Panangian memberi solusi, dalam enam bulan katanya, para kepala daerah dari 33 provinsi dan 334 dinas dari kota dan kabupaten seluruh Indonesia yang hadir, bisa menyusun blue print perumahan dan permukiman di daerah masing-masing. "Jadi, pada kabinet mendatang, kementerian perumahan bi- sa menggelar kongres yang sesungguhnya dan membumi, dengan bahan dasar blue print dari seluruh daerah di Indonesia. Dengan demikian, bisa dihasilkan blue print nasional tanpa mengabaikan kearifan setiap daerah," kata Panangian.

Panangian mengatakan, kongres harus sejak awal melibatkan para pakar sebagai think-thank. Jangan seperti Konggres yang baru berlalu, pelibatannya hanya beberapa lama sebelum konggres.

Selain itu, Kemenpera masih menggunakan data Badan Pusat Statistik (BPS) tahun 2004, jadi tidak mencerminkan kondisi terkini. Padahal, data kependudukan terbaru dari BPS baru saja dirilis, terutama untuk kepentingan penyusunan daftar tetap pemilih pada pemilu legislatif baru-baru ini.

Namun, apa pun penilaian para pakar dan pengamat, Ketua Sidang Kongres Perumahan dan Pemukiman Iqbal Latanro seusai kongres di Jakarta, Rabu, mengatakan, pihaknya akan menyerahkan deklarasi kepada presiden dan kepada calon presiden yang akan maju dalam pilpres 2009.

"Paling lambat seminggu setelah penutupan kongres, akan kami serahkan, agar menjadi agenda tersendiri dalam perbaikan pembangunan di Indonesia. Selain itu, hasil kongres juga akan diserahkan kepada instansi terkait, misalnya Badan Pertanahan Nasional (BPN) mengenai masalah pertanahan dan Menteri Dalam Negeri (Mendagri) mengenai pemerintahan daerah otonomi daerah," kata Iqbal.

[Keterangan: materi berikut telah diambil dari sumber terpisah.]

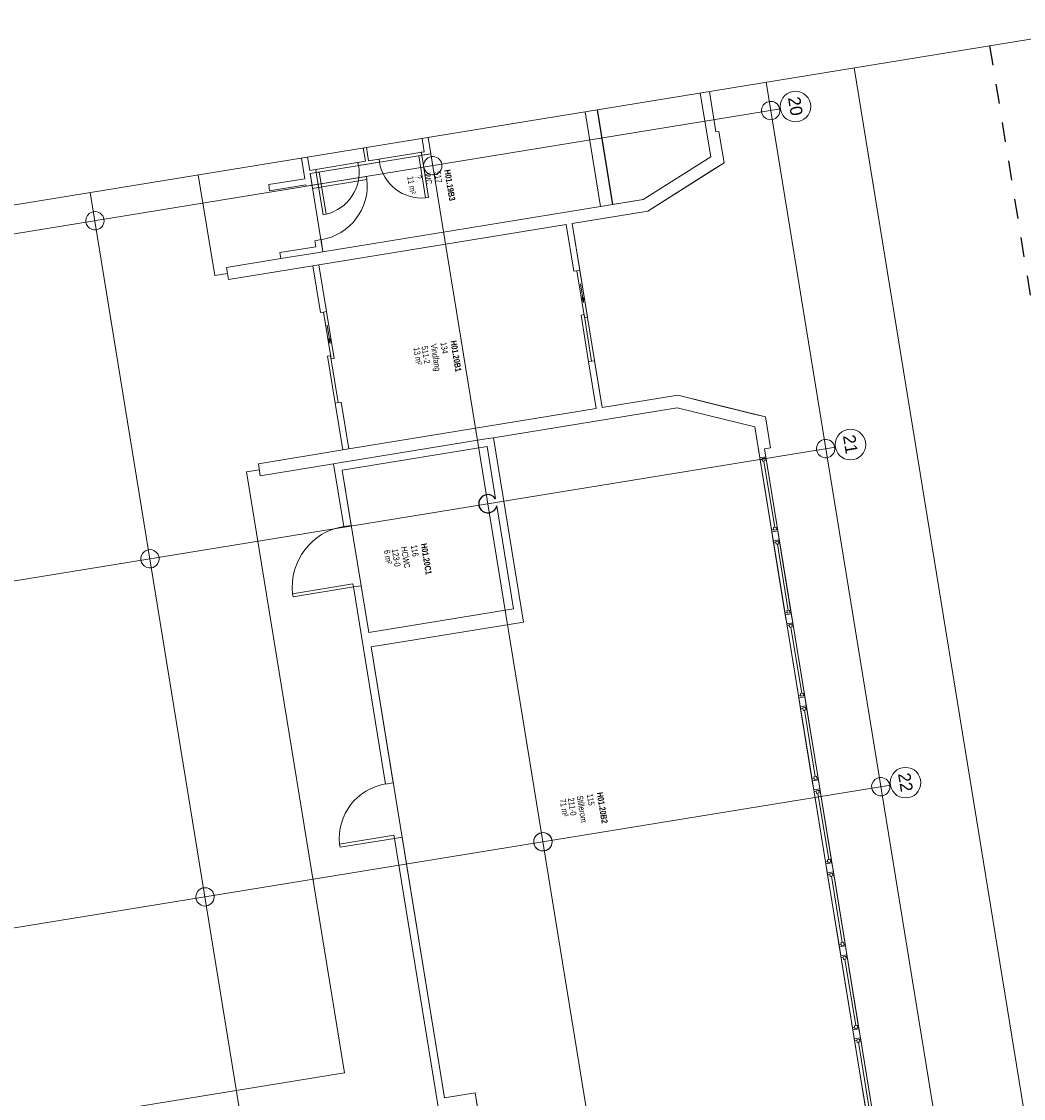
# Model space of a CAD drawing. Header units: millimetres. Extents: x 108537 to 157721, y 1314926 to 1362142.
# Tile 8 of 9: x 124927 to 141317, y 1344535 to 1362142. Entities that reach past the tile are written whole.
import ezdxf

# ---------------------------------------------------------------- set-up
doc = ezdxf.new("R2010")
doc.units = ezdxf.units.MM
doc.linetypes.add('Dash', pattern=[6.35, 3.175, -3.175])
doc.layers.add('_printramme', color=12, linetype='Dash', plot=False)
for name, color, linetype, lineweight in [('A2-D', 250, 'Continuous', 18), ('A2-DOR', 250, 'Continuous', 9), ('A2-V', 250, 'Continuous', 25), ('A2-VI', 250, 'Continuous', 9), ('A200', 250, 'Continuous', 9), ('A222', 250, 'Continuous', 9), ('A23', 250, 'Continuous', 9), ('A24', 250, 'Continuous', 9), ('A254', 250, 'Continuous', 9), ('A822Floor Plan', 250, 'Continuous', 9), ('A862', 250, 'Continuous', 9), ('A862-Text', 250, 'Continuous', 9)]:
    doc.layers.add(name, color=color, linetype=linetype, lineweight=lineweight)
doc.layers.add('A822Custom 1Custom 2Custom 3Floor Plan00_ Shared Levels and Grids', color=250, linetype='Continuous', lineweight=9, plot=False)
doc.layers.add('A852-TYNN', color=7, linetype='Continuous', lineweight=5, plot=False)
doc.styles.add('Arial Narrow', font='ARIALN.TTF', dxfattribs={"width": 0.8, "height": 100})
doc.styles.add('Arial Narrow_B', font='ARIALNB.TTF', dxfattribs={"width": 0.8, "height": 100})
doc.styles.add('Arial_1', font='arial.ttf', dxfattribs={"height": 200})

# ---------------------------------------------------------------- blocks, each defined once
blk = doc.blocks.new('M_Round Column - 300mm Diameter-543497-br002-h01-a-200-1-0001')
at = {"layer": 'A222'}
for start, end in [(90, 180), (360, 90), (180, 360)]:
    blk.add_arc((0, 0), 150, start, end, dxfattribs=at)
blk = doc.blocks.new('M_Single-Flush - 0700 x 2100 mm-606342-br002-h01-a-200-1-0001')
at = {"layer": 'A2-D'}
for p, q in [((299, -25), (299, -725)), ((350, -25), (299, -25)), ((350, -25), (350, -725)), ((350, -725), (299, -725))]:
    blk.add_line(p, q, dxfattribs=at)
at = {"layer": 'A2-DOR'}
blk.add_arc((350, -25), 702, 180, 265.832, dxfattribs=at)
blk = doc.blocks.new('M_Single-Flush - 0700 x 2100 mm-606878-br002-h01-a-200-1-0001')
at = {"layer": 'A2-D'}
for p, q in [((299, 25), (299, 725)), ((350, 725), (299, 725)), ((350, 25), (350, 725)), ((350, 25), (299, 25))]:
    blk.add_line(p, q, dxfattribs=at)
at = {"layer": 'A2-DOR'}
blk.add_arc((350, 25), 702, 94.168, 180, dxfattribs=at)
blk = doc.blocks.new('M_Single-Flush - 0900 x 2100 mm-585433-br002-h01-a-200-1-0001')
at = {"layer": 'A2-D'}
for p, q in [((399, -50), (399, -950)), ((450, -50), (399, -50)), ((450, -50), (450, -950)), ((450, -950), (399, -950))]:
    blk.add_line(p, q, dxfattribs=at)
at = {"layer": 'A2-DOR'}
blk.add_arc((450, -50), 902, 180, 266.7576, dxfattribs=at)
blk = doc.blocks.new('M_Single-Flush - 0900 x 2100 mm-603262-br002-h01-a-200-1-0001')
at = {"layer": 'A2-D'}
for p, q in [((399, -63), (399, -963)), ((450, -63), (399, -63)), ((450, -63), (450, -963)), ((450, -963), (399, -963))]:
    blk.add_line(p, q, dxfattribs=at)
at = {"layer": 'A2-DOR'}
blk.add_arc((450, -63), 902, 180, 266.7576, dxfattribs=at)
blk = doc.blocks.new('M_Single-Flush - 1000 x 2100 mm-607946-br002-h01-a-200-1-0001')
at = {"layer": 'A2-D'}
for p, q in [((449, -63), (449, -1063)), ((500, -63), (449, -63)), ((500, -63), (500, -1063)), ((500, -1063), (449, -1063))]:
    blk.add_line(p, q, dxfattribs=at)
at = {"layer": 'A2-DOR'}
blk.add_arc((500, -63), 1002, 180, 267.0816, dxfattribs=at)
blk = doc.blocks.new('M_Door-Double-Sliding - 1500 x 2100mm-621487-br002-h01-a-200-1-0001')
at = {"layer": 'A200'}
blk.add_hatch(color=256, dxfattribs=at).paths.add_polyline_path([(299, 115), (223, 102), (299, 88)], flags=0)
at = {"layer": 'A2-D'}
for p, q in [((25, 177), (-750, 177)), ((-750, 177), (-750, 127)), ((25, 127), (25, 177)), ((-750, 127), (25, 127)), ((750, 127), (-25, 127)), ((-25, 127), (-25, 77)), ((-25, 77), (750, 77)), ((750, 77), (750, 127))]:
    blk.add_line(p, q, dxfattribs=at)
at = {"layer": 'A200'}
for p, q in [((299, 115), (223, 102)), ((527, 102), (223, 102)), ((223, 102), (299, 88)), ((299, 88), (299, 115))]:
    blk.add_line(p, q, dxfattribs=at)
blk = doc.blocks.new('M_Door-Double-Sliding - 1500 x 2100mm-621520-br002-h01-a-200-1-0001')
at = {"layer": 'A200'}
blk.add_hatch(color=256, dxfattribs=at).paths.add_polyline_path([(299, 115), (223, 102), (299, 88)], flags=0)
at = {"layer": 'A2-D'}
for p, q in [((25, 177), (-750, 177)), ((-750, 177), (-750, 127)), ((25, 127), (25, 177)), ((-750, 127), (25, 127)), ((750, 127), (-25, 127)), ((-25, 127), (-25, 77)), ((-25, 77), (750, 77)), ((750, 77), (750, 127))]:
    blk.add_line(p, q, dxfattribs=at)
at = {"layer": 'A200'}
for p, q in [((299, 115), (223, 102)), ((527, 102), (223, 102)), ((223, 102), (299, 88)), ((299, 88), (299, 115))]:
    blk.add_line(p, q, dxfattribs=at)
blk = doc.blocks.new('M_Fixed - 1225 x 2000 mm-655071-br002-h01-a-200-1-0001')
at = {"layer": 'A2-VI'}
for p, q in [((-612.5, 37), (-580.5, 37)), ((-580.5, 0), (-580.5, 37)), ((580.5, 0), (580.5, 37)), ((612.5, 37), (580.5, 37)), ((-612.5, -63), (-593.5, -63)), ((-593.5, -63), (-593.5, 0)), ((-593.5, 0), (-549.5, 0)), ((-593.5, -44), (-549.5, -44)), ((-549.5, -44), (-549.5, 0)), ((-549.5, -22), (549.5, -22)), ((549.5, 0), (593.5, 0)), ((549.5, -44), (549.5, 0)), ((593.5, -44), (549.5, -44)), ((593.5, -63), (593.5, 0)), ((611.4, -63), (593.5, -63))]:
    blk.add_line(p, q, dxfattribs=at)
blk = doc.blocks.new('M_Fixed - 1225 x 2000 mm-653751-br002-h01-a-200-1-0001')
at = {"layer": 'A2-VI'}
for p, q in [((-612.5, 63), (-593.5, 63)), ((-593.5, 63), (-593.5, 0)), ((-593.5, 44), (-549.5, 44)), ((-549.5, 44), (-549.5, 0)), ((-549.5, 22), (549.5, 22)), ((549.5, 44), (549.5, 0)), ((593.5, 44), (549.5, 44)), ((593.5, 63), (593.5, 0)), ((611.4, 63), (593.5, 63)), ((-612.5, -37), (-580.5, -37)), ((-593.5, 0), (-549.5, 0)), ((-580.5, 0), (-580.5, -37)), ((549.5, 0), (593.5, 0)), ((580.5, 0), (580.5, -37)), ((612.5, -37), (580.5, -37))]:
    blk.add_line(p, q, dxfattribs=at)
blk = doc.blocks.new('Grid - M_Grid Head - Circle_smaller text-849452-br002-h01-a-200-1-0001')
at = {"layer": 'A822Floor Plan'}
blk.add_circle((0, 0), 2.5, dxfattribs=at)

msp = doc.modelspace()

# ---------------------------------------------------------------- linework, layer by layer
at = {"layer": '_printramme', "ltscale": 100}
msp.add_lwpolyline([(140764, 1361744), (147537, 1320177)], dxfattribs=at)
at = {"layer": 'A2-V', "color": 0}
for start, end in [(99.2542, 279.2542), (32.3282, 99.2542), (279.2542, 346.1803)]:
    msp.add_arc((132555, 1354258), 150, start, end, dxfattribs=at)
at = {"layer": 'A222', "color": 0}
for centre, start, end in [((137182, 1360686), 99.2542, 279.2542), ((137182, 1360686), 9.2542, 99.2542), ((137182, 1360686), 279.2542, 9.2542), ((126128, 1358885), 99.2542, 279.2542), ((126128, 1358885), 9.2542, 99.2542), ((126128, 1358885), 279.2542, 9.2542), ((138082, 1355159), 99.2542, 279.2542), ((138082, 1355159), 9.2542, 99.2542), ((138082, 1355159), 279.2542, 9.2542), ((127028, 1353358), 99.2542, 279.2542), ((127028, 1353358), 9.2542, 99.2542), ((127028, 1353358), 279.2542, 9.2542), ((138983, 1349632), 99.2542, 279.2542), ((138983, 1349632), 9.2542, 99.2542), ((138983, 1349632), 279.2542, 9.2542)]:
    msp.add_arc(centre, 150, start, end, dxfattribs=at)
at = {"layer": 'A23', "color": 0}
for p, q in [((136031, 1360973), (136201, 1359930)), ((136286, 1360338), (136179, 1360997)), ((134146, 1360666), (134398, 1359118)), ((134595, 1359150), (134343, 1360698)), ((136336, 1360346), (136286, 1360338)), ((136419, 1359831), (136336, 1360346)), ((136201, 1359930), (135098, 1359232)), ((136236, 1359715), (136419, 1359831)), ((135170, 1359041), (136236, 1359715)), ((134398, 1359118), (129858, 1358378)), ((134595, 1359150), (134398, 1359118)), ((135098, 1359232), (134595, 1359150)), ((133936, 1358840), (135170, 1359041)), ((129791, 1358165), (133838, 1358824)), ((133838, 1358824), (133962, 1358059)), ((134061, 1358075), (133936, 1358840)), ((129858, 1358378), (129759, 1358362)), ((129167, 1358266), (128279, 1358121)), ((128279, 1358121), (128311, 1357923)), ((128311, 1357923), (129692, 1358149)), ((129692, 1358149), (129791, 1358165)), ((133962, 1358059), (134012, 1358067)), ((134204, 1356579), (134328, 1355814)), ((134302, 1356595), (134253, 1356587)), ((134427, 1355830), (134302, 1356595)), ((135661, 1356031), (134427, 1355830)), ((136157, 1355909), (135661, 1356031)), ((136885, 1355730), (136157, 1355909)), ((134328, 1355814), (130282, 1355154)), ((132647, 1355337), (135653, 1355827)), ((135653, 1355827), (136920, 1355515)), ((137096, 1355678), (136885, 1355730)), ((137179, 1355172), (137096, 1355678)), ((136920, 1355515), (137003, 1355008)), ((130154, 1354931), (132523, 1355317)), ((132523, 1355317), (132647, 1355337)), ((130183, 1355138), (128801, 1354913)), ((130282, 1355154), (130183, 1355138)), ((137080, 1355156), (137179, 1355172)), ((137101, 1355024), (137080, 1355156)), ((128801, 1354913), (128833, 1354716)), ((128833, 1354716), (130030, 1354911)), ((130030, 1354911), (130154, 1354931)), ((137003, 1355008), (137101, 1355024)), ((137200, 1353799), (137003, 1355008)), ((137101, 1355024), (137298, 1353815)), ((137298, 1353815), (137200, 1353799)), ((137200, 1353799), (137224, 1353651)), ((137322, 1353667), (137298, 1353815)), ((137224, 1353651), (137322, 1353667)), ((137421, 1352442), (137224, 1353651)), ((137322, 1353667), (137519, 1352458)), ((137519, 1352458), (137421, 1352442)), ((137421, 1352442), (137445, 1352294)), ((137544, 1352310), (137519, 1352458)), ((137445, 1352294), (137544, 1352310)), ((137642, 1351085), (137445, 1352294)), ((137544, 1352310), (137741, 1351101)), ((137741, 1351101), (137642, 1351085)), ((137642, 1351085), (137666, 1350937)), ((137765, 1350953), (137741, 1351101)), ((137666, 1350937), (137765, 1350953)), ((137863, 1349728), (137666, 1350937)), ((137765, 1350953), (137962, 1349744)), ((137962, 1349744), (137863, 1349728)), ((137863, 1349728), (137887, 1349580)), ((137887, 1349580), (137986, 1349596)), ((138084, 1348371), (137887, 1349580)), ((137986, 1349596), (137962, 1349744)), ((137986, 1349596), (138183, 1348387)), ((138183, 1348387), (138084, 1348371)), ((138084, 1348371), (138108, 1348223)), ((138207, 1348239), (138183, 1348387)), ((138108, 1348223), (138207, 1348239)), ((138305, 1347014), (138108, 1348223)), ((138207, 1348239), (138404, 1347030)), ((138404, 1347030), (138305, 1347014)), ((138305, 1347014), (138329, 1346866)), ((138428, 1346882), (138404, 1347030)), ((138329, 1346866), (138428, 1346882)), ((138526, 1345657), (138329, 1346866)), ((138428, 1346882), (138625, 1345673)), ((138625, 1345673), (138526, 1345657)), ((138526, 1345657), (138550, 1345509)), ((138550, 1345509), (138649, 1345525)), ((138649, 1345525), (138625, 1345673)), ((138649, 1345525), (138846, 1344316)), ((138747, 1344300), (138550, 1345509))]:
    msp.add_line(p, q, dxfattribs=at)
at = {"layer": 'A24', "color": 0}
for p, q in [((131481, 1360231), (131516, 1360014)), ((131623, 1359981), (131580, 1360247)), ((130518, 1360075), (130554, 1359857)), ((130603, 1359865), (130568, 1360083)), ((131516, 1360014), (131467, 1360006)), ((131467, 1360006), (131475, 1359957)), ((131475, 1359957), (131623, 1359981)), ((129507, 1359910), (129562, 1359571)), ((129641, 1359709), (129606, 1359926)), ((130554, 1359857), (130431, 1359837)), ((130431, 1359837), (130439, 1359788)), ((130439, 1359788), (130784, 1359844)), ((130776, 1359894), (130603, 1359865)), ((130784, 1359844), (130776, 1359894)), ((129740, 1359725), (129641, 1359709)), ((129649, 1359659), (129748, 1359675)), ((129681, 1359464), (129649, 1359659)), ((129748, 1359675), (129740, 1359725)), ((129562, 1359571), (128970, 1359475)), ((128970, 1359475), (128986, 1359376)), ((128986, 1359376), (129578, 1359472)), ((129578, 1359472), (129582, 1359448)), ((129582, 1359448), (129681, 1359464)), ((129826, 1358576), (129727, 1358559)), ((129727, 1358559), (129743, 1358461)), ((129858, 1358378), (129826, 1358576)), ((129743, 1358461), (129151, 1358364)), ((129151, 1358364), (129167, 1358266)), ((129167, 1358266), (129759, 1358362)), ((129692, 1358149), (129817, 1357384)), ((129916, 1357400), (129791, 1358165)), ((129817, 1357384), (129866, 1357392)), ((130157, 1355919), (130108, 1355911)), ((130282, 1355154), (130157, 1355919)), ((130058, 1355903), (130183, 1355138)), ((133138, 1352324), (132647, 1355337)), ((130174, 1354807), (132543, 1355193)), ((132543, 1355193), (132682, 1354339)), ((130030, 1354911), (130197, 1353884)), ((130321, 1353904), (130174, 1354807)), ((132701, 1354223), (132975, 1352540)), ((130197, 1353884), (130321, 1353904)), ((130482, 1352918), (130358, 1352897)), ((130606, 1352154), (130482, 1352918)), ((130358, 1352897), (130883, 1349675)), ((132975, 1352540), (130606, 1352154)), ((130645, 1351918), (133138, 1352324)), ((131007, 1349695), (130645, 1351918)), ((130883, 1349675), (131007, 1349695)), ((131152, 1348807), (131027, 1348786)), ((131027, 1348786), (131742, 1344400)), ((131846, 1344545), (131152, 1348807)), ((132348, 1344627), (131846, 1344545)), ((132528, 1343522), (132348, 1344627))]:
    msp.add_line(p, q, dxfattribs=at)
at = {"layer": 'A254', "color": 0}
msp.add_line((138548, 1361383), (145320, 1319816), dxfattribs=at)
at = {"layer": 'A822Custom 1Custom 2Custom 3Floor Plan00_ Shared Levels and Grids', "color": 0}
for p, q in [((143879, 1319581), (137107, 1361148)), ((108612, 1356031), (137340, 1360712)), ((138352, 1318680), (131580, 1360247)), ((132825, 1317780), (126052, 1359347)), ((109513, 1350504), (138240, 1355185)), ((110414, 1344977), (139141, 1349658))]:
    msp.add_line(p, q, dxfattribs=at)
at = {"layer": 'A852-TYNN'}
for points in [[(143205, 1362142), (149978, 1320575), (115310, 1314926), (108537, 1356493)], [(136920, 1355515), (138751, 1344276), (134676, 1343612), (134635, 1343866), (132528, 1343522), (132348, 1344627), (131846, 1344545), (130645, 1351918), (133138, 1352324), (132647, 1355337), (135653, 1355827)]]:
    msp.add_lwpolyline(points, close=True, dxfattribs=at)
for points in [[(136179, 1360997), (136286, 1360338), (136336, 1360346), (136419, 1359831), (135170, 1359041), (133936, 1358840), (134427, 1355830), (135661, 1356031), (137096, 1355678), (137179, 1355172), (137080, 1355156), (142902, 1319422)], [(136031, 1360973), (136201, 1359930), (135098, 1359232), (134602, 1359151), (134350, 1360699)], [(134146, 1360666), (134398, 1359118), (129858, 1358378), (129649, 1359659), (131623, 1359981), (131580, 1360247)], [(131481, 1360231), (131516, 1360014), (130603, 1359865), (130568, 1360083)], [(130518, 1360075), (130554, 1359857), (129641, 1359709), (129606, 1359926)]]:
    msp.add_lwpolyline(points, dxfattribs=at)
msp.add_lwpolyline([(132543, 1355193), (132682, 1354339, 0.300614), (132531, 1354406, 1), (132579, 1354110, 0.300614), (132701, 1354223), (132975, 1352540), (130606, 1352154), (130174, 1354807)], format="xyb", close=True, dxfattribs=at)
msp.add_circle((133456, 1348731), 150, dxfattribs=at)
at = {"layer": 'A862', "color": 0}
for p, q in [((128087, 1357988), (127819, 1359635)), ((128295, 1358022), (128087, 1357988)), ((128817, 1354814), (128610, 1354781)), ((130211, 1344956), (128610, 1354781)), ((130211, 1344956), (110929, 1341814))]:
    msp.add_line(p, q, dxfattribs=at)

# ---------------------------------------------------------------- block references
at = {"layer": 'A2-DOR', "color": 0}
for name, p, rotation in [('M_Single-Flush - 0700 x 2100 mm-606878-br002-h01-a-200-1-0001', (130089, 1359756), 189.2542472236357), ('M_Single-Flush - 0700 x 2100 mm-606342-br002-h01-a-200-1-0001', (131125, 1359925), 9.254247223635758), ('M_Single-Flush - 0900 x 2100 mm-585433-br002-h01-a-200-1-0001', (129704, 1359012), 99.25424722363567), ('M_Door-Double-Sliding - 1500 x 2100mm-621520-br002-h01-a-200-1-0001', (134258, 1357347), 99.25424722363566), ('M_Door-Double-Sliding - 1500 x 2100mm-621487-br002-h01-a-200-1-0001', (130112, 1356672), 99.25424722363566), ('M_Single-Flush - 1000 x 2100 mm-607946-br002-h01-a-200-1-0001', (130339, 1353401), 279.2542472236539), ('M_Single-Flush - 0900 x 2100 mm-603262-br002-h01-a-200-1-0001', (131017, 1349241), 279.2542472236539)]:
    msp.add_blockref(name, p, dxfattribs=dict(at, rotation=rotation))
at = {"layer": 'A2-VI', "color": 0}
for name, p, rotation in [('M_Fixed - 1225 x 2000 mm-655071-br002-h01-a-200-1-0001', (137138, 1354410), 99.25424722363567), ('M_Fixed - 1225 x 2000 mm-653751-br002-h01-a-200-1-0001', (137359, 1353053), 279.2542472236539), ('M_Fixed - 1225 x 2000 mm-653751-br002-h01-a-200-1-0001', (137580, 1351696), 279.2542472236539), ('M_Fixed - 1225 x 2000 mm-653751-br002-h01-a-200-1-0001', (137801, 1350338), 279.2542472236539), ('M_Fixed - 1225 x 2000 mm-653751-br002-h01-a-200-1-0001', (138022, 1348981), 279.2542472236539), ('M_Fixed - 1225 x 2000 mm-653751-br002-h01-a-200-1-0001', (138243, 1347624), 279.2542472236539), ('M_Fixed - 1225 x 2000 mm-653751-br002-h01-a-200-1-0001', (138464, 1346267), 279.2542472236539), ('M_Fixed - 1225 x 2000 mm-655071-br002-h01-a-200-1-0001', (138685, 1344910), 99.25424722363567)]:
    msp.add_blockref(name, p, dxfattribs=dict(at, rotation=rotation))
at = {"layer": 'A222', "color": 0, "rotation": 279.2542472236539}
for p in [(131655, 1359785), (133456, 1348731), (127929, 1347831)]:
    msp.add_blockref('M_Round Column - 300mm Diameter-543497-br002-h01-a-200-1-0001', p, dxfattribs=at)
at = {"layer": 'A822Custom 1Custom 2Custom 3Floor Plan00_ Shared Levels and Grids', "color": 0, "xscale": 99.99999999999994, "yscale": 99.99999999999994, "zscale": 99.99999999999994, "rotation": 279.2542472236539}
for p in [(137587, 1360752), (138487, 1355225), (139388, 1349698)]:
    msp.add_blockref('Grid - M_Grid Head - Circle_smaller text-849452-br002-h01-a-200-1-0001', p, dxfattribs=at)

# ---------------------------------------------------------------- texts
at = {"layer": 'A822Custom 1Custom 2Custom 3Floor Plan00_ Shared Levels and Grids', "color": 0, "char_height": 200, "width": 384.81, "attachment_point": 1, "rotation": 279.2542, "style": 'Arial_1'}
for s, insert in [('20', (137661, 1360928)), ('21', (138561, 1355401)), ('22', (139462, 1349874))]:
    msp.add_mtext(s, dxfattribs=dict(at, insert=insert))
at = {"layer": 'A862-Text', "color": 0, "char_height": 100, "attachment_point": 1, "rotation": 279.2542}
for s, insert, width, style in [('?', (131467, 1359639), 64.13, 'Arial Narrow'), ('WC', (131615, 1359676), 179.58, 'Arial Narrow'), ('517', (131778, 1359702), 192.4, 'Arial Narrow'), ('H01.19B3', (131942, 1359729), 506.67, 'Arial Narrow_B'), ('11 m²', (131335, 1359620), 288.61, 'Arial Narrow'), ('13 m²', (131436, 1356825), 288.61, 'Arial Narrow'), ('511-2', (131568, 1356845), 295.02, 'Arial Narrow'), ('Vindfang', (131716, 1356881), 448.94, 'Arial Narrow'), ('134', (131879, 1356908), 192.4, 'Arial Narrow'), ('H01.20B1', (132042, 1356934), 506.67, 'Arial Narrow_B'), ('6 m²', (130951, 1353509), 224.47, 'Arial Narrow'), ('123-0', (131083, 1353529), 295.02, 'Arial Narrow'), ('HCWC', (131231, 1353565), 333.5, 'Arial Narrow'), ('116', (131394, 1353592), 192.4, 'Arial Narrow'), ('H01.20C1', (131557, 1353618), 506.67, 'Arial Narrow_B'), ('71 m²', (133829, 1349440), 288.61, 'Arial Narrow'), ('211-0', (133961, 1349459), 295.02, 'Arial Narrow'), ('Stillerom', (134108, 1349495), 436.12, 'Arial Narrow'), ('115', (134272, 1349522), 192.4, 'Arial Narrow'), ('H01.20B2', (134435, 1349549), 506.67, 'Arial Narrow_B')]:
    msp.add_mtext(s, dxfattribs=dict(at, insert=insert, width=width, style=style))

doc.saveas('drawing.dxf')

Kegiatan kongres ini diharapkan dapat diikuti dengan pertemuan skala kecil dengan intensitas dan kedalaman lebih baik untuk mengatasi berbagai persoalan di bidang perumahan. "Kongres ini sangat langka. Pertama kali dilakukan 59 tahun lalu. Karena itu, kita sepakat tidak hanya sekadar kumpul saja, kita sepakat harus ada implementasinya," tutur Iqbal.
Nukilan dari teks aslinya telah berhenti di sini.